Sollicité par son éditeur pour rassembler un certain nombre de ses articles pour une parution en volume, Roger Perron retrouve avec émotion ceux qui s'attachent aux souffrances de l'enfant – comme il demeure sensible à celles qui sont exprimées par l'enfant qui se cache en tout adulte. L'auteur a consacré une part importante de sa carrière à à renouveler l'approche théorique et clinique d'enfants intellectuellement déficients, et les dix-huit articles retenus sont non seulement un témoignage sur son refus des a prioris liés à la débilité, mais un enseignement cohérent et fondamental qui n'a rien perdu de sa pertinence et de sa nécessité.
L'ouvrage est organisé en quatre parties, dans lesquelles chaque texte est précédé d'une réévaluation par l'auteur de la portée initiale et de l'intérêt actuel de l'article réédité. Une première partie porte sur les évaluations de l'intelligence et tend à montrer à quel conditions les tests d'intelligence peuvent être utilisés et pensés à bon escient.

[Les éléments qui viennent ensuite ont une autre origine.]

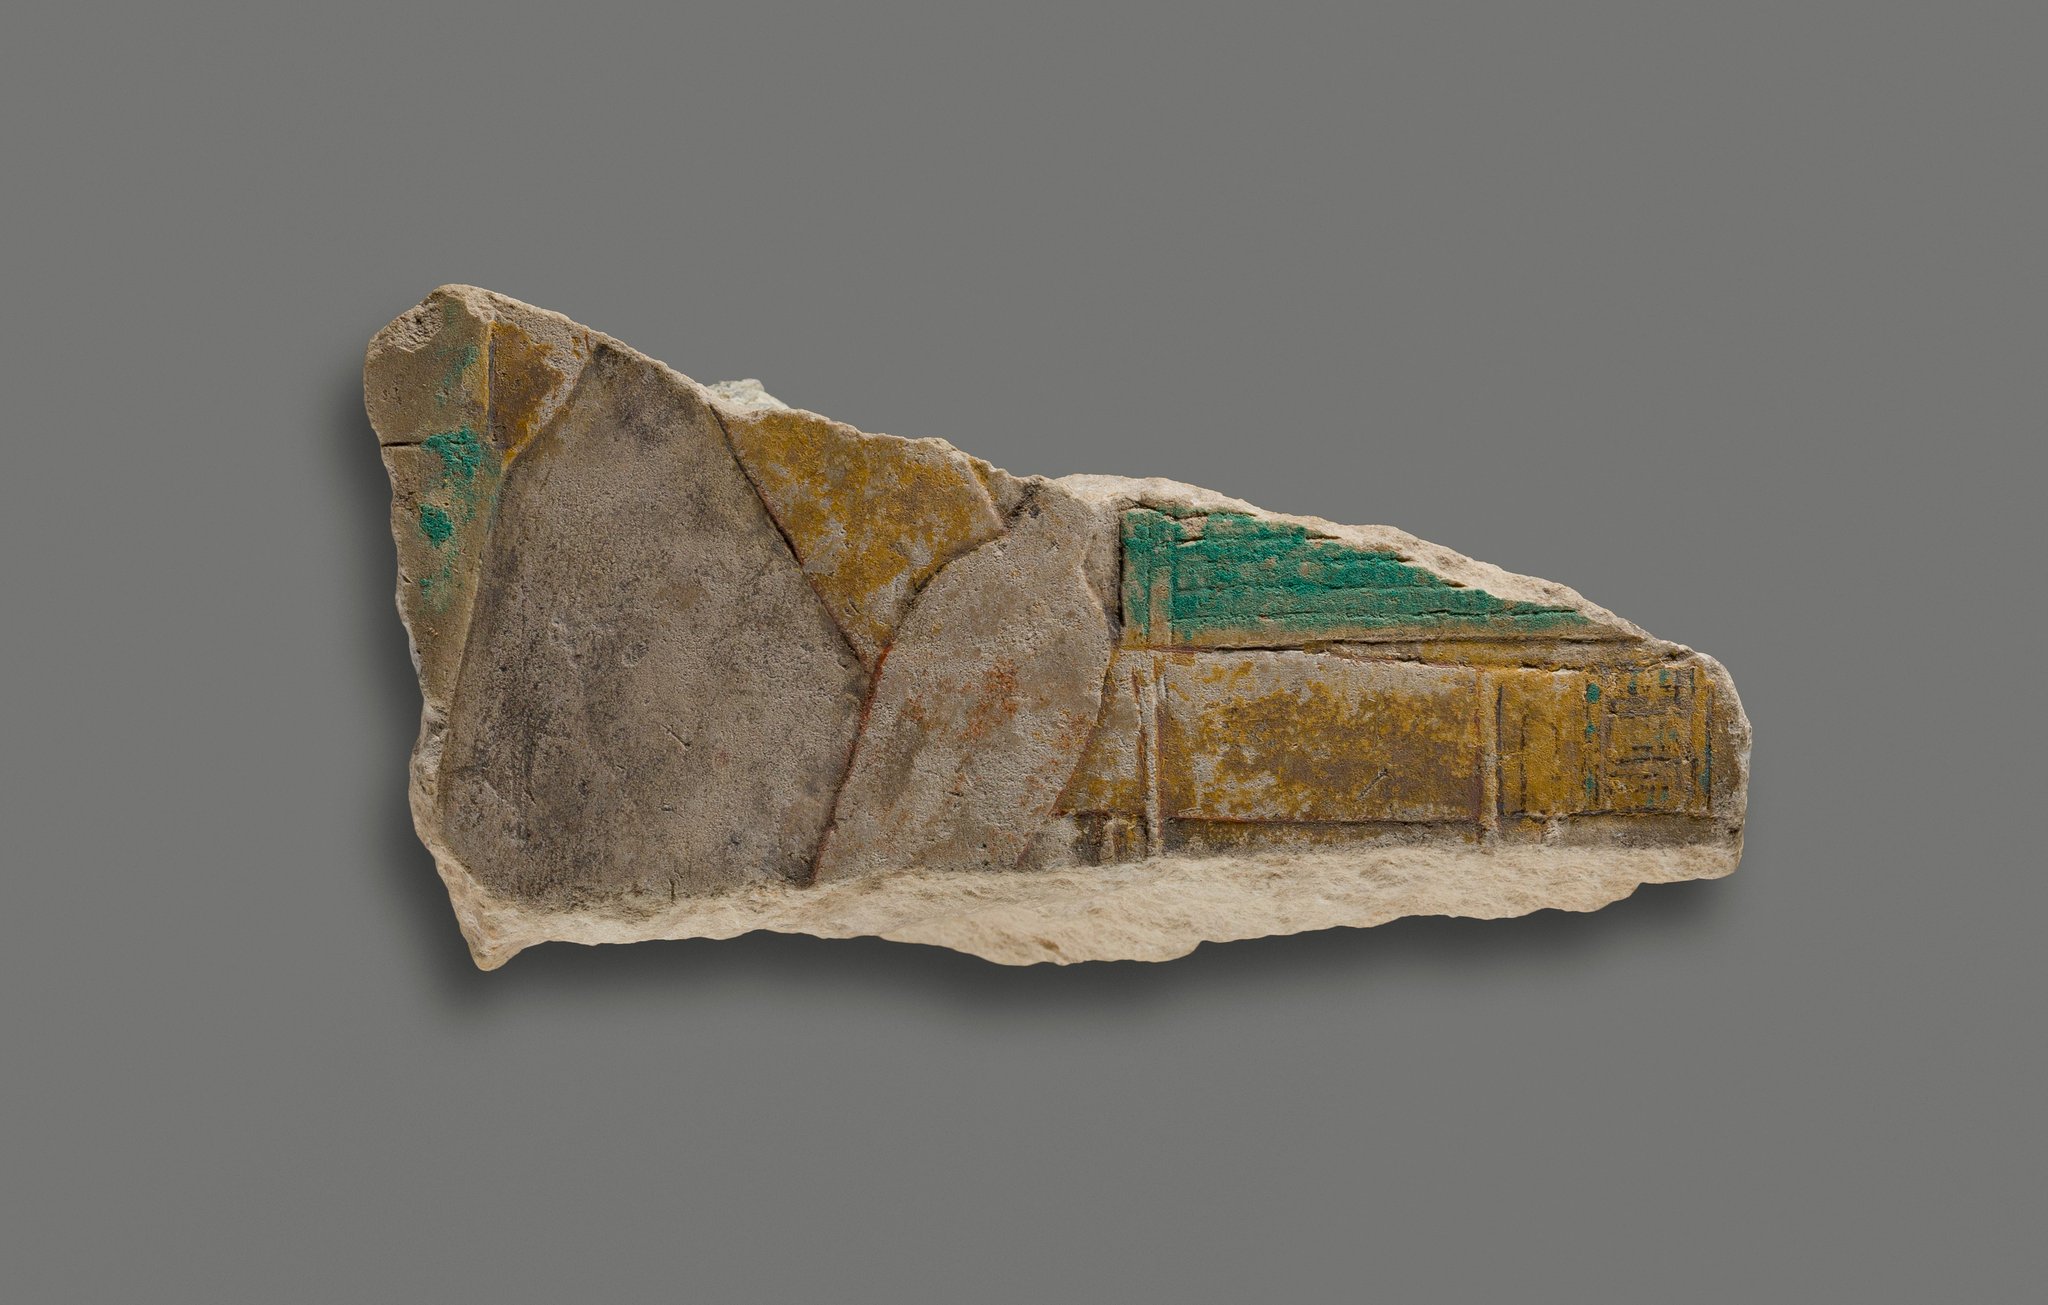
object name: relief fragment
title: Fragment of relief
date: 1981-1640 BCE
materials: limestone, paint
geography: egypt

Une deuxième partie, consacrée à la question des causes des arriérations et des retards mentaux, précise le concept de déficience mentale, rappelle la constitution des modèles classiques d'explication, et soutient la nécessité de passer à une compréhension multifactorielle ouverte, qui réfute les illusions nosographiques.

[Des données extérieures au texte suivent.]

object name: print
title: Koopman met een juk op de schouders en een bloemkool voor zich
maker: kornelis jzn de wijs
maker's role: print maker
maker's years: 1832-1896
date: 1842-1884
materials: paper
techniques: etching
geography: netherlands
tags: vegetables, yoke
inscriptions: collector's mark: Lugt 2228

Une troisième partie s'intéresse aux adolescents déficients, montre comment l'adolescence permet pour une part de renouveler la donne – permettant parfois des adaptations sociales et professionnelles remarquables –, mais suscite des souffrances et des difficultés spécifiques à ces jeunes, souvent emprisonnés dans leurs rôles, même lorsque leur statut change (par exemple en quittant l'école). Donnant à la parole à des adolescents déficients mentaux, une étude montre la pertinence de leurs propos et leur capacité de rendre compte d'eux-mêem, leur aptitude à la réflexivité. La notion de déficit est alors analysée, avec le manque de pouvoir et de valeur(s) qui s'y manifestent en une expérience d'être toujours "trop petit" pour ce qu'il faudrait ; en fait elle débouche sur une thèse forte : nous sommes tous déficitaires, seule vraie réponse à l'incompréhension et à l'exclusion qui accroissent la souffrance de ces adolescents marqués par un diagnostic de déficit.
Une dernière partie, accompagnée de quelques illustrations cliniques, s'efforce de penser le déficit : elle s'attache à l'analyse fonctionnelle pour surmonter les illusions de fixité d'un quotient intellectuel, montre l'apport de l'approche psychopathologique, s'attache aux figures de la méconnaissance, aux troubles de la liaison et à la notion d'inhibition. L'auteur fait ainsi le point sur des conceptions et des outils théoriques décisifs, tout en nous faisant partager son intérêt théorico-clinique et son attachement à ces enfants et adolescents que nous risquons de méconnaître.